Ona's security operates at two layers. First, credentials: environments get short-lived, scoped tokens tied to organization, project, and user. Second, kernel-level enforcement. We monitor every system call, file access, network packet, and what agents execute in the kernel. A jailbroken agent hits a wall enforced by the operating system. Policy-as-code lets organizations define hard constraints — "no public S3 buckets," "no writes to production databases" — that override agent autonomy entirely.

We're writing more about our approach to agent runtime security soon, and I'm excited to share that Leo and Lorenzo, creators of Falco, have joined Ona.

The compounding effect

Companies that standardized their environments now run agents in parallel, automate code review, clear backlogs overnight, and mass-refactor across hundreds of packages. Scheduled agents pick up tickets from issue trackers at 7am and have PRs ready by standup, already churning away the next task during meetings. Background agents triggered from error monitoring tools like Sentry triage and fix bugs without human initiation reducing noise and cloud bills. At Ona, we use this internally and it accelerated our engineering capacity in ways we didn't think possible.

The same infrastructure that makes an engineer productive on day one makes an agent productive on task one.

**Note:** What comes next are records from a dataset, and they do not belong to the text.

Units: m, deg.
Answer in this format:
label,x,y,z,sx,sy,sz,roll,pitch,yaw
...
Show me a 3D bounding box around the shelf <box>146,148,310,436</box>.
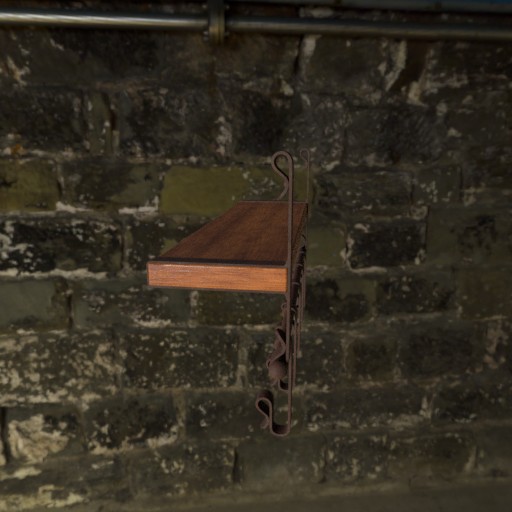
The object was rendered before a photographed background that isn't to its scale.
label,x,y,z,sx,sy,sz,roll,pitch,yaw
shelf,0.000,0.000,0.705,0.146,0.330,0.567,2,14,8

The impact extends beyond engineering. When a development environment is one click away, product managers, engineering managers and designers can access the codebase directly. A designer adjusting spacing can spin up an environment, have an agent make the change, and send a PR instead of pulling an engineer out of deep work for a trivial fix. Support teams can answer customer questions against actual source code. Onboarding a non-technical person to the local dev environment takes days of hand-holding, and the setup breaks the moment they stop maintaining it. A cloud environment that sets itself up eliminates that entirely, breaks silos and accelerates how you collaborate.

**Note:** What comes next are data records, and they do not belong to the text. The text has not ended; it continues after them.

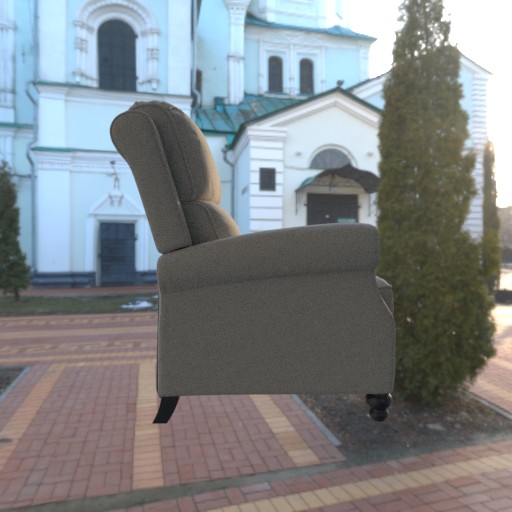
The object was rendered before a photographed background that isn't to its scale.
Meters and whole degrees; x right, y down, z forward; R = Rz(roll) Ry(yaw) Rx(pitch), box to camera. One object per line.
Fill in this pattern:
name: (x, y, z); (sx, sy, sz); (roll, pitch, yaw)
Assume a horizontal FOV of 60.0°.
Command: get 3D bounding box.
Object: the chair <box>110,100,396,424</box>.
chair: (0.000, 0.000, 1.751); (0.919, 1.046, 0.859); (0, 0, -1)
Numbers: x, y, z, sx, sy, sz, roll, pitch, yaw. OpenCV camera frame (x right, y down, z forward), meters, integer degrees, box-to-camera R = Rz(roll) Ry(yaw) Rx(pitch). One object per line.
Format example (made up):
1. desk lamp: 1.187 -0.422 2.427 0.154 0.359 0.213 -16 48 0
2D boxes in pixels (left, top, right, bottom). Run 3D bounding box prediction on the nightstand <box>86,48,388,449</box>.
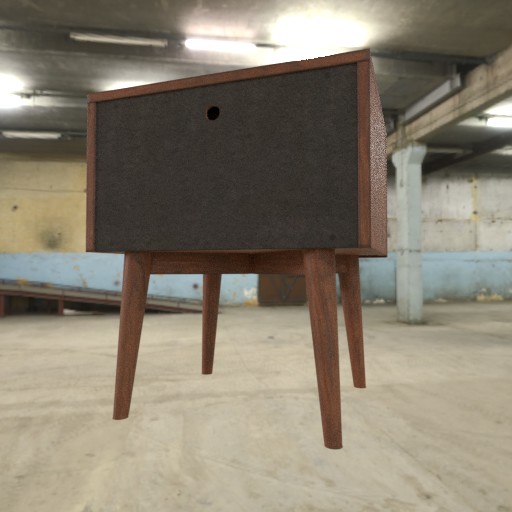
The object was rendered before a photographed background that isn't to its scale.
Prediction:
1. nightstand: 0.000 0.000 0.952 0.521 0.607 0.445 -1 -2 19

What this means for your team

If you're evaluating background agents, start by auditing your dev environment standardization:

Can a new engineer go from zero to running code in one-click under 10 minutes?
Can you spin up 10 identical environments programmatically?
Is your environment definition checked into your repo?
Does your environment set itself up without manual steps?
Can your environments reach all the internal services they need, securely?
If an agent is compromised, what limits the blast radius? Are credentials ephemeral and cryptographically bound, or are they long-lived secrets sitting in environment variables?

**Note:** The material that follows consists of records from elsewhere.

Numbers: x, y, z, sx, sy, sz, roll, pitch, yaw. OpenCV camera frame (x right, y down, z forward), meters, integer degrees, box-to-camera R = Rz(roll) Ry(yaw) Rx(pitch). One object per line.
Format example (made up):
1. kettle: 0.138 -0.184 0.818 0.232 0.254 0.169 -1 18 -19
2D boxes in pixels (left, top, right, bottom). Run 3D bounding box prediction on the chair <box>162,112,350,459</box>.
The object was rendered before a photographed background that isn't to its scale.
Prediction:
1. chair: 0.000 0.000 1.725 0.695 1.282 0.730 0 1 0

If the answer to any of these is no, you will not get the lift that you expect from background agents. Regardless of how great model capability will be.

The investment in standardizing your development workflows pays dividends across human productivity, agent productivity, security posture, and onboarding. It's the foundation layer that everything else builds on.

We have been building this infrastructure for five years because we believed software development would move to the cloud.

With the arrival of background agents it's finally happening, through a different door than we expected.

We'd love to help you beat our 88.5% of merged PRs on main. The technology exists, let's go!